- _EXERCISE_
State the number of lines in these records that include the string "roll", and say nothing more.
★ ★ ★ ★
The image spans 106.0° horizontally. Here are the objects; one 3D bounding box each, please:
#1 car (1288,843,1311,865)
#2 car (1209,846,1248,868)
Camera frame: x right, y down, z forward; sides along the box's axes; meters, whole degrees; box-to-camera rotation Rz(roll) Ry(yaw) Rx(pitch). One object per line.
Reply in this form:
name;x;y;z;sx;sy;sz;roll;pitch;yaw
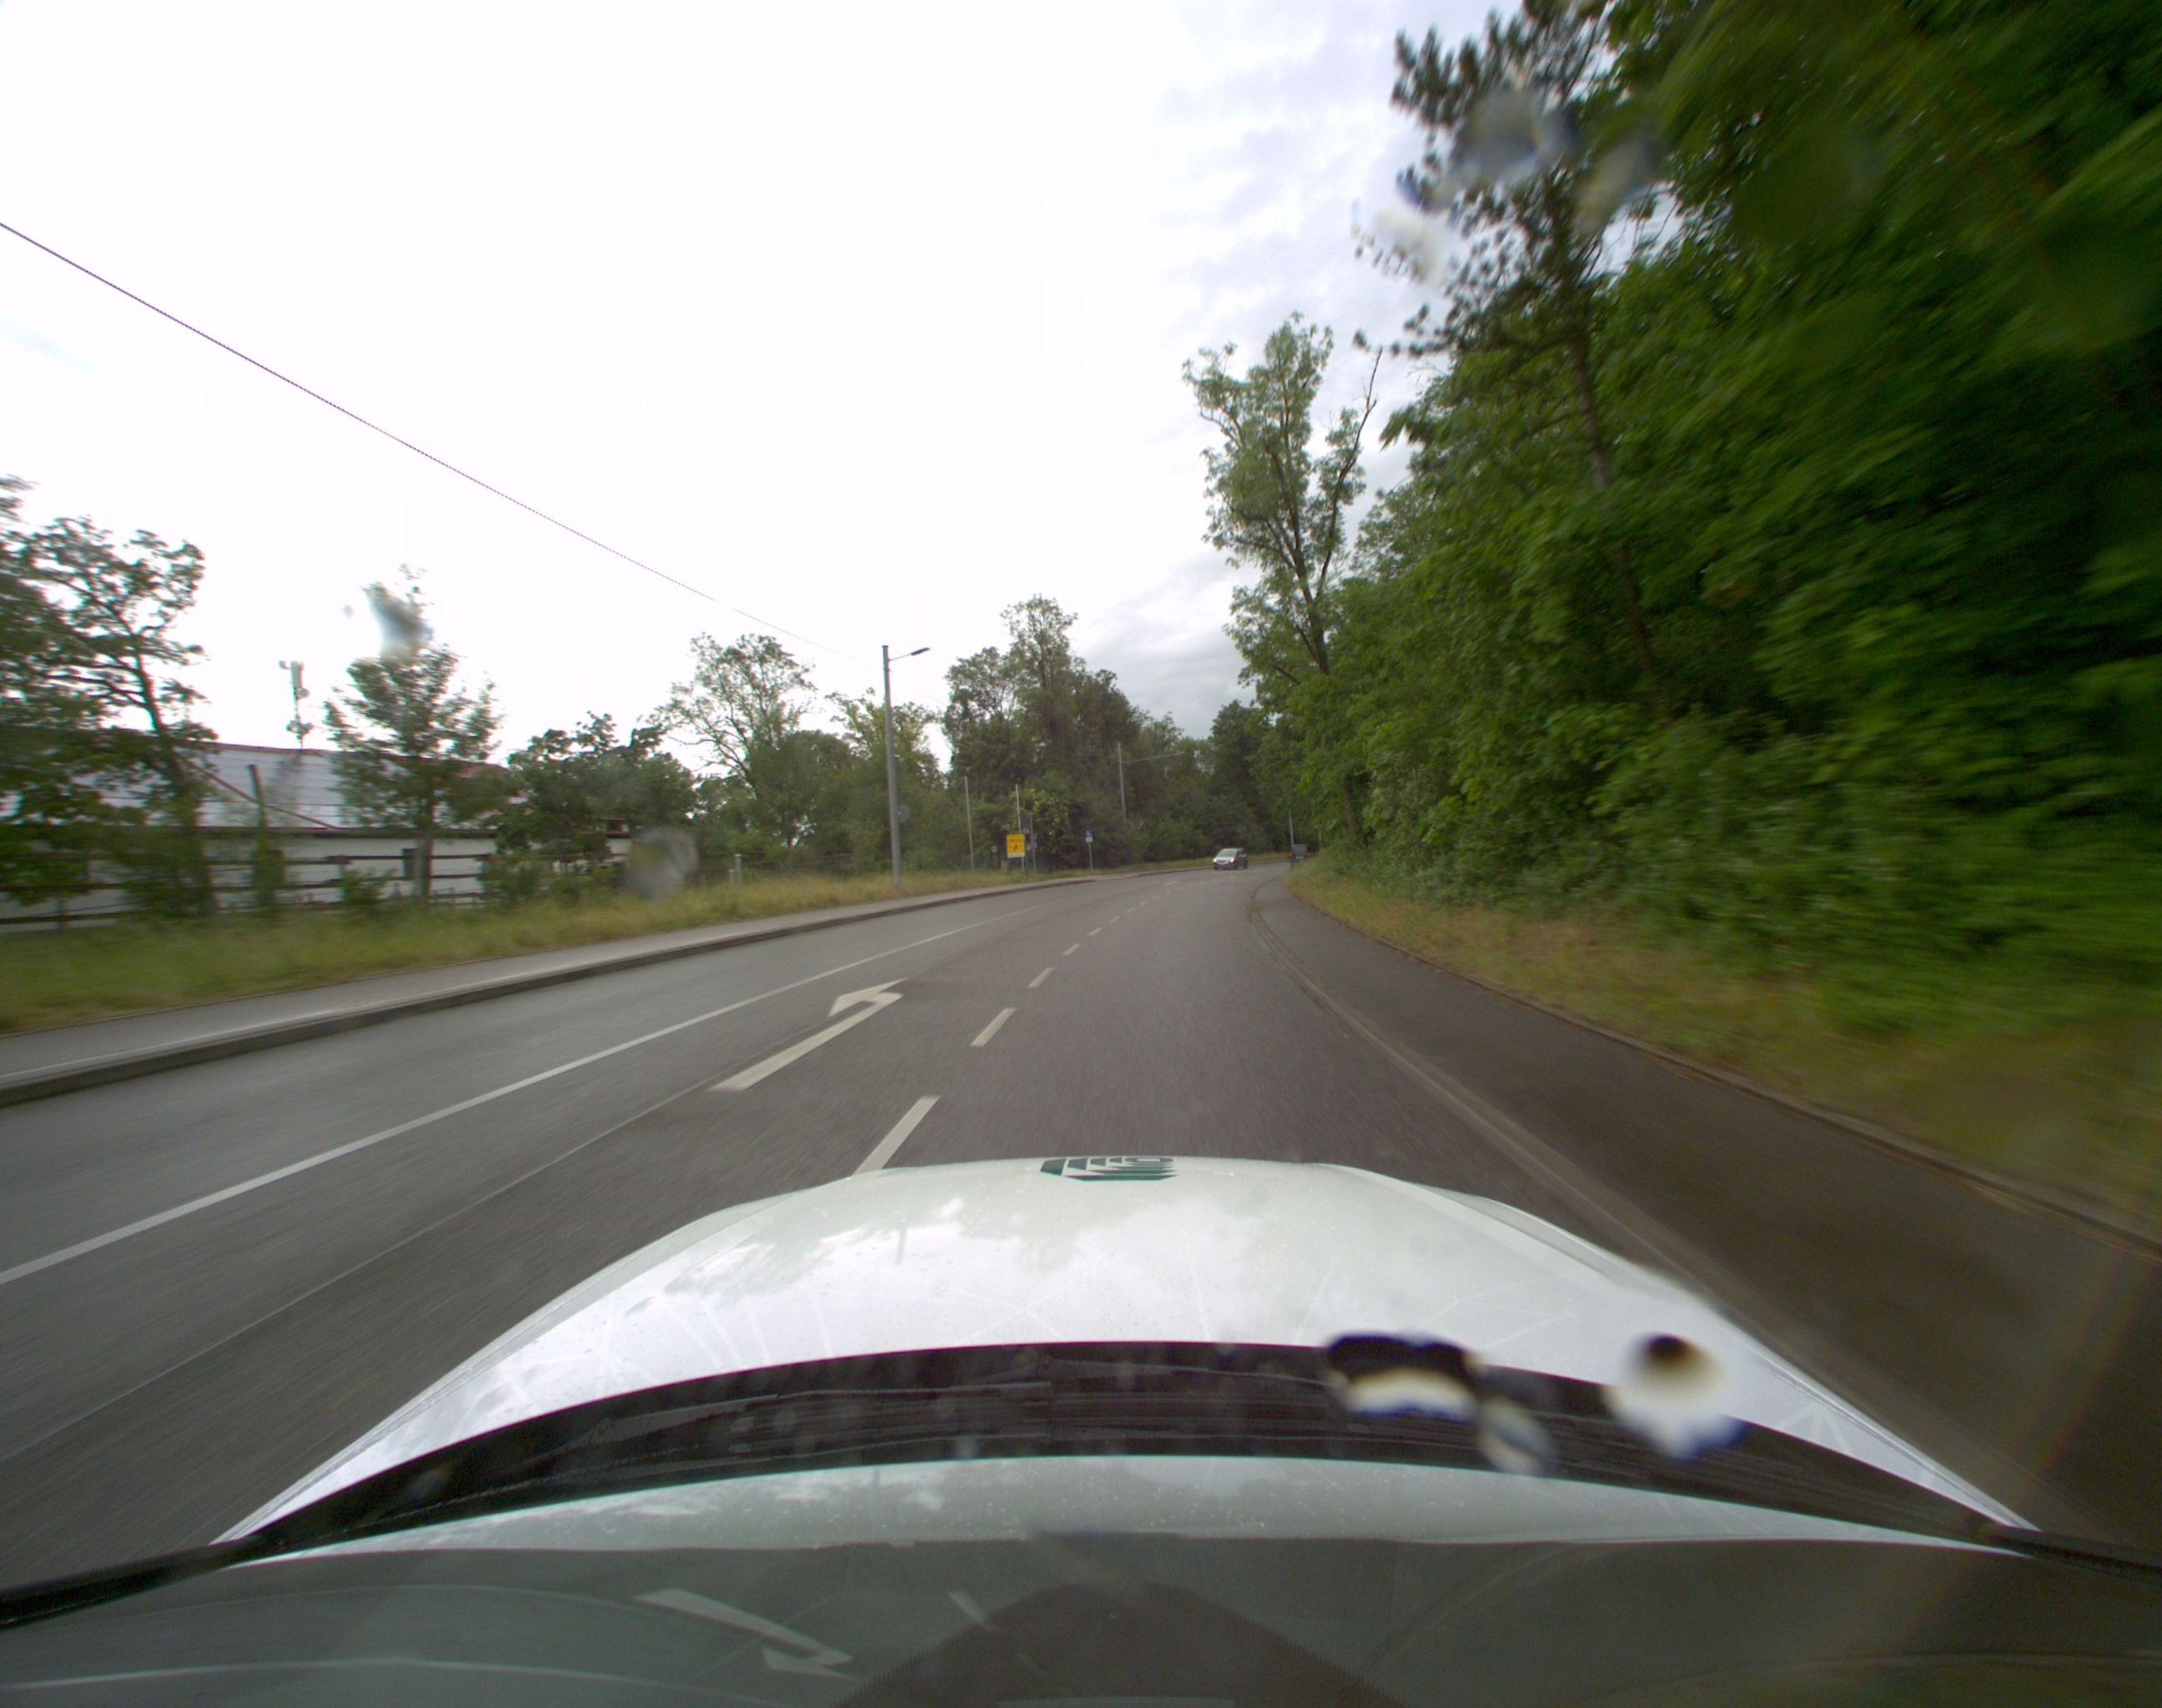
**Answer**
car;17.038;-0.020;63.533;1.655;1.594;3.698;-1;0;15
car;11.488;0.201;63.399;1.742;1.614;4.445;-1;0;27
★ ★ ★ ★
- _SOLUTION TO THE PROBLEM_
2